Bristol District Attorney C. Samuel Sutter's office announced that Fall River District Court Judge Brian Gilligan found probable cause on Wednesday to issue criminal complaints against the two men.
Gregg Miliote, a spokesman for the district attorney's office, said no date has been set for their arraignments.
The charges are in connection with the drowning death of Marie Joseph, 36, a mother of five, in Fall River Veterans Memorial Pool, located in Lafayette Park.
Joseph, a hotel housekeeper in Newport, R.I., went to the pool on June 26 and was supervising a child on a water slide when she went under and didn't resurface. Her body remained in the pool for two days until she was discovered.

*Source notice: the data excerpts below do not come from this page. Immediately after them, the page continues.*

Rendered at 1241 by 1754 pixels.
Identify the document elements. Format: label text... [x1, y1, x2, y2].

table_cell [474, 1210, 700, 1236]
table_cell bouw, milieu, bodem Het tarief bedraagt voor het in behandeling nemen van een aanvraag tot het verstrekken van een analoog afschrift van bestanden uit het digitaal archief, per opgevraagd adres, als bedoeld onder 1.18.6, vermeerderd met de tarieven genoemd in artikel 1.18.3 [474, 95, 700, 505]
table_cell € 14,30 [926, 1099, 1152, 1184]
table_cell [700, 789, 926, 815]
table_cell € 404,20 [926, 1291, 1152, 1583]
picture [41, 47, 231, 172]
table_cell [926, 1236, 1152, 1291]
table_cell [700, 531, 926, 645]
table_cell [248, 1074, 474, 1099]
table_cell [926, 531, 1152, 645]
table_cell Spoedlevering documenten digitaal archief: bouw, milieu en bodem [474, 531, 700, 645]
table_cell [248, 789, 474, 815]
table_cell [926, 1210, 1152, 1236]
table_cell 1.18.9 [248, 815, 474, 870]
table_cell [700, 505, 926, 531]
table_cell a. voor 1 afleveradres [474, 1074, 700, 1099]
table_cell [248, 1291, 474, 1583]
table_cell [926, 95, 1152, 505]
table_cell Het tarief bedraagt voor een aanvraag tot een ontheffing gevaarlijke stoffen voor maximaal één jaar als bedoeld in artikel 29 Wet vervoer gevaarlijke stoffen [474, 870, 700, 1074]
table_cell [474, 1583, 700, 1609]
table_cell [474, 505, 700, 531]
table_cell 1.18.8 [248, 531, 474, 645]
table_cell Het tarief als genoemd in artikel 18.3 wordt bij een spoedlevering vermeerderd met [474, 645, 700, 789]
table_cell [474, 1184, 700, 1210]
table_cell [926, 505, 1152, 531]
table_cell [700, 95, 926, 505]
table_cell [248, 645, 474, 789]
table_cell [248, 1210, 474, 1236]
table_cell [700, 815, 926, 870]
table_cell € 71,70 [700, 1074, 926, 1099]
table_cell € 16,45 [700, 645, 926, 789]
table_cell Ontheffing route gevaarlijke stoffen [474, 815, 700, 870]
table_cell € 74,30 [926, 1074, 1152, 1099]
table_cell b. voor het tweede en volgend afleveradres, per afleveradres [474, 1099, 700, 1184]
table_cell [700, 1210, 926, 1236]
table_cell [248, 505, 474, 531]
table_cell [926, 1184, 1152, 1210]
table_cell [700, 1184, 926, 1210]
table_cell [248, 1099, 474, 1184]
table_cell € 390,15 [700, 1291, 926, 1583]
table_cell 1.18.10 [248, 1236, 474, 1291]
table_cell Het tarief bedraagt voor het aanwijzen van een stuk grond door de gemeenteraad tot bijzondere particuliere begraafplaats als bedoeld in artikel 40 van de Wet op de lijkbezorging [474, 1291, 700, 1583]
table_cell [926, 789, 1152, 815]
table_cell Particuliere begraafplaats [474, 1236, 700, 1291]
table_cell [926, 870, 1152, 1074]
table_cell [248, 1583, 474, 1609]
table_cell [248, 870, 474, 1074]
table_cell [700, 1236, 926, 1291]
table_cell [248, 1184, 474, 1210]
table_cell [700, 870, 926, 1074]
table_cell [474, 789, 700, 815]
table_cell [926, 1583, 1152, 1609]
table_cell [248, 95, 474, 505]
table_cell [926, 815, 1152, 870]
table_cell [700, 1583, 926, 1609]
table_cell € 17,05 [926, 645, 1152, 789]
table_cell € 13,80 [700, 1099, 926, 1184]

Shanahan and Carter resigned after the drowning.
Prosecutors believe that children using the pool in the days after Joseph's death were in danger because of its murky conditions.
They say the pool should have been closed because the water was too cloudy.

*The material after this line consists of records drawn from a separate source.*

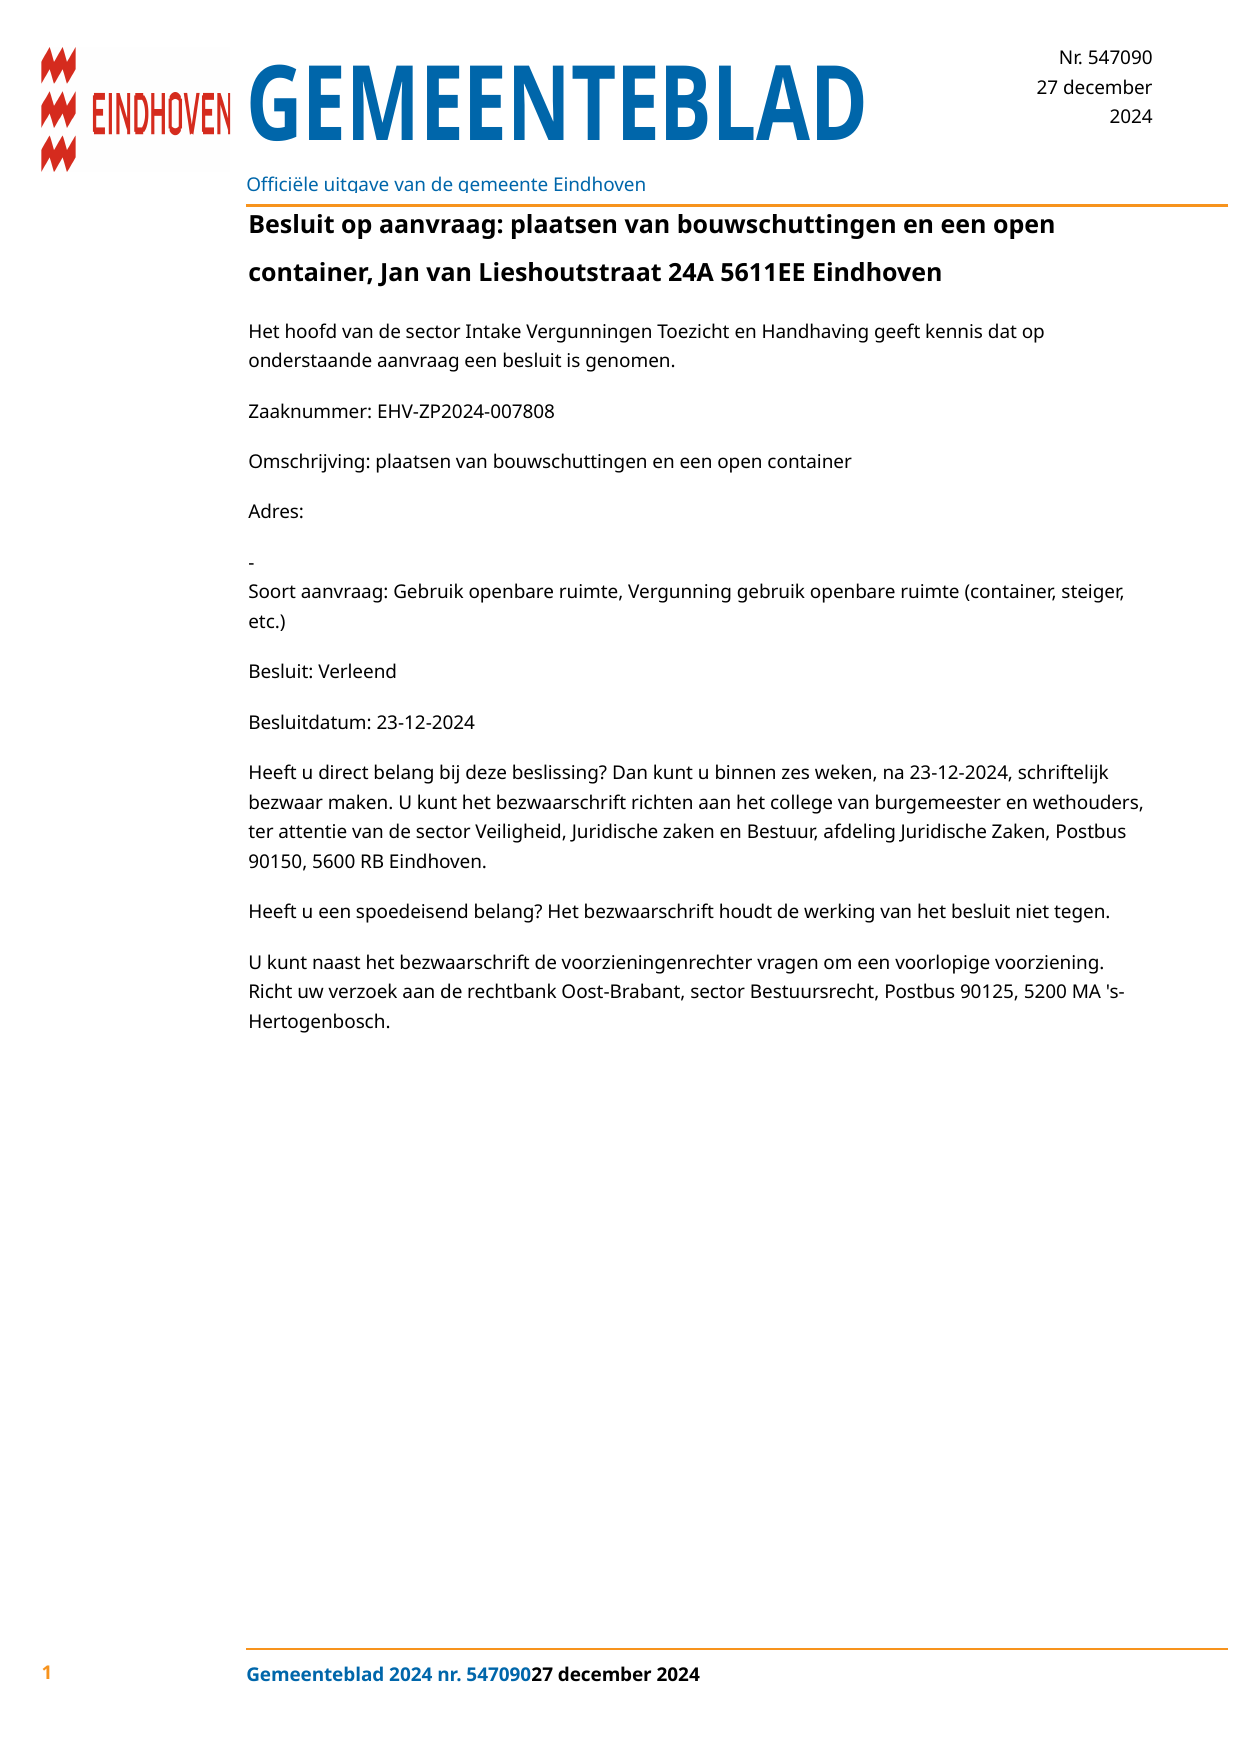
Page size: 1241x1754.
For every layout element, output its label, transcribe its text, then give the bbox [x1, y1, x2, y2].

text Besluitdatum: 23-12-2024 [248, 709, 1152, 735]
text Heeft u een spoedeisend belang? Het bezwaarschrift houdt de werking van het besluit niet tegen. [248, 899, 1152, 924]
picture [41, 47, 231, 172]
text Adres: [248, 499, 1152, 524]
text Soort aanvraag: Gebruik openbare ruimte, Vergunning gebruik openbare ruimte (container, steiger, etc.) [248, 579, 1152, 634]
text Heeft u direct belang bij deze beslissing? Dan kunt u binnen zes weken, na 23-12-2024, schriftelijk bezwaar maken. U kunt het bezwaarschrift richten aan het college van burgemeester en wethouders, ter attentie van de sector Veiligheid, Juridische zaken en Bestuur, afdeling Juridische Zaken, Postbus 90150, 5600 RB Eindhoven. [248, 759, 1152, 874]
text Besluit: Verleend [248, 659, 1152, 684]
text Zaaknummer: EHV-ZP2024-007808 [248, 398, 1152, 424]
text Het hoofd van de sector Intake Vergunningen Toezicht en Handhaving geeft kennis dat op onderstaande aanvraag een besluit is genomen. [248, 318, 1152, 373]
text U kunt naast het bezwaarschrift de voorzieningenrechter vragen om een voorlopige voorziening. Richt uw verzoek aan de rechtbank Oost-Brabant, sector Bestuursrecht, Postbus 90125, 5200 MA 's-Hertogenbosch. [248, 949, 1152, 1034]
text Besluit op aanvraag: plaatsen van bouwschuttingen en een open container, Jan van Lieshoutstraat 24A 5611EE Eindhoven [248, 207, 1152, 288]
text Omschrijving: plaatsen van bouwschuttingen en een open container [248, 448, 1152, 474]
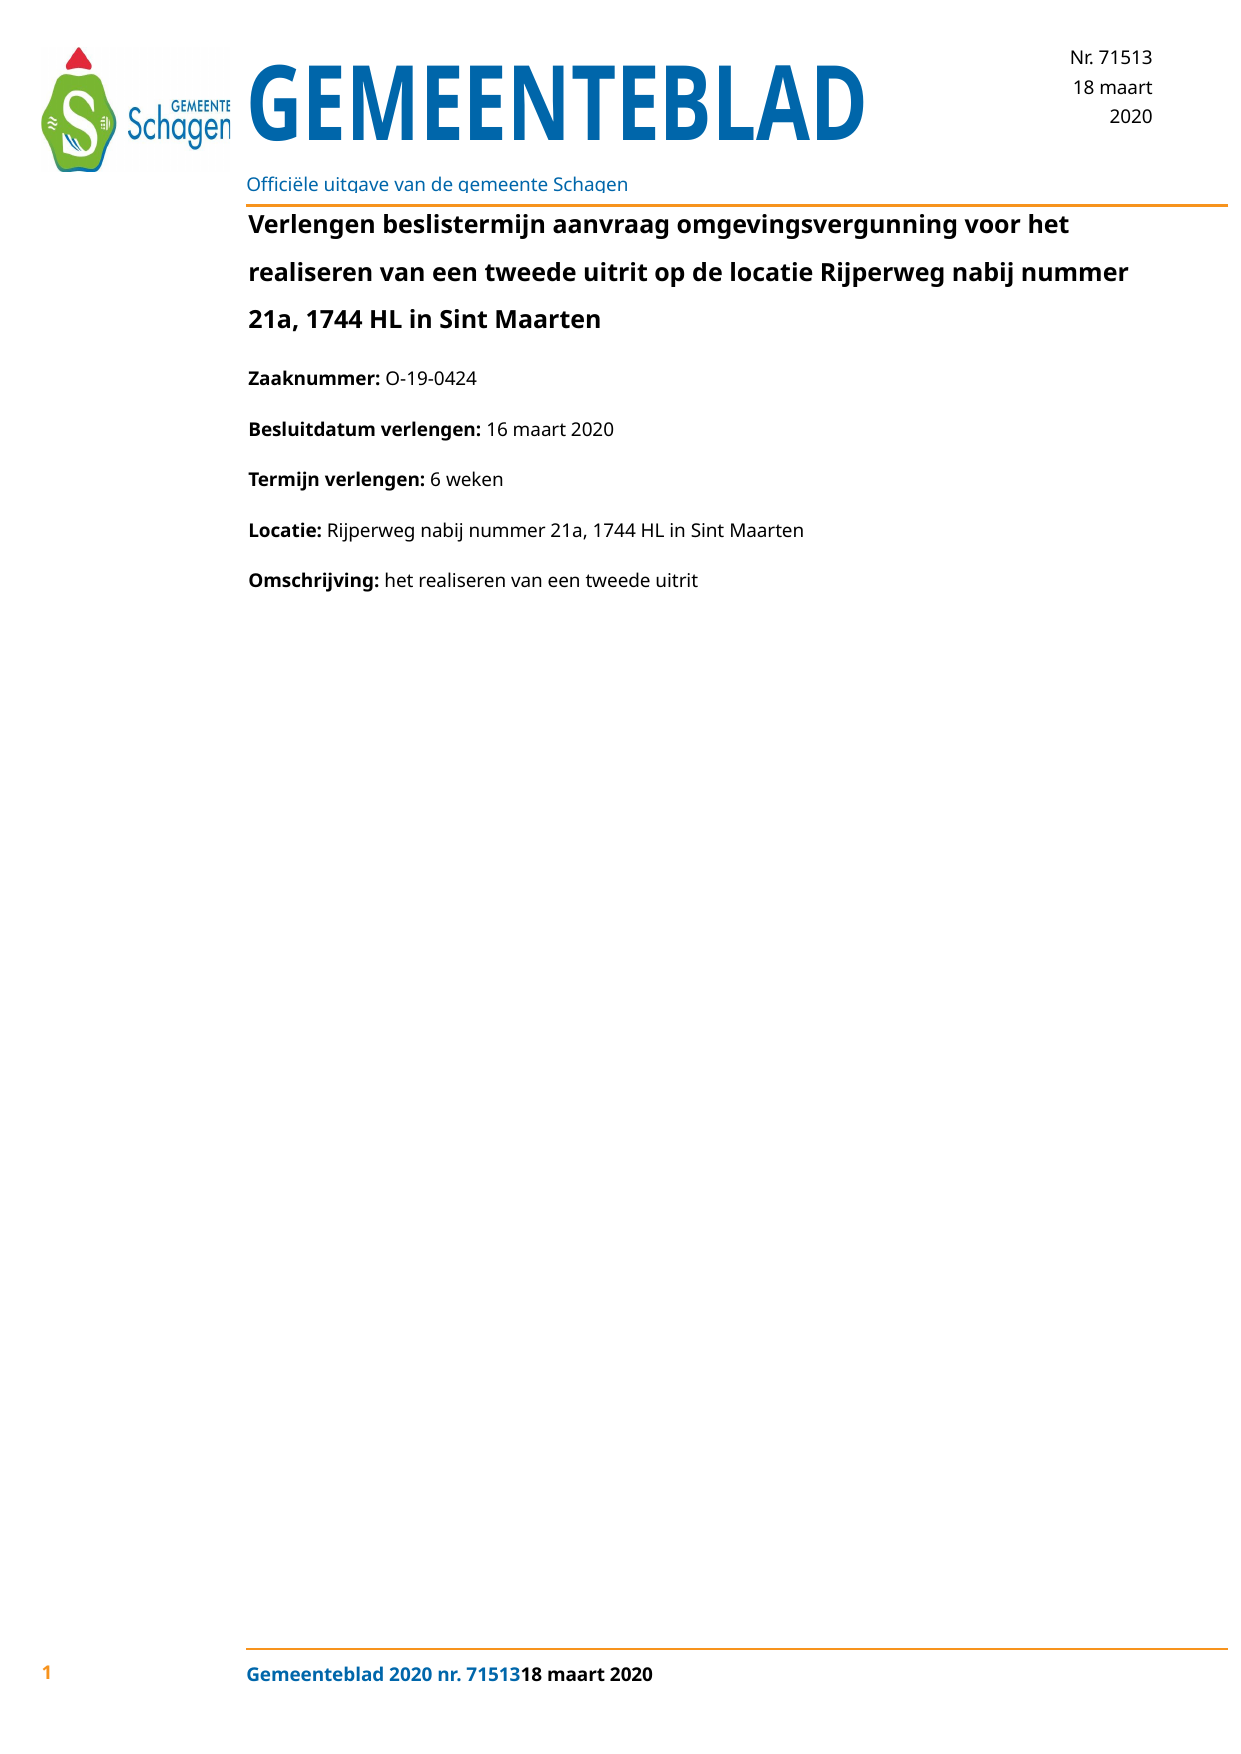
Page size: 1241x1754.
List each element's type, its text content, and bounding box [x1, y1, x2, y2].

The judge's ruling is a reversal of Clerk-Magistrate John O'Neil's decision on Nov. 9, where he found no probable cause to support reckless endangerment charges against Shanahan and Carter.
At the time, Sutter said he was disappointed with O'Neil's ruling and appealed the matter to a judge.
The district attorney expressed his pleasure at the judge's ruling in a statement released Wednesday.
"I was convinced at the time we applied for criminal complaints in early October that there was sufficient evidence to do so, and I remain convinced," Sutter said.
The charge of reckless endangerment of a child is a misdemeanor under Massachusetts law and is punishable by a maximum sentence of 2½ years in the House of Correction, according to Miliote.
In Sutter's report of the conditions at the pool, which was released in October, the district attorney was highly critical of the pool's supervision and operation.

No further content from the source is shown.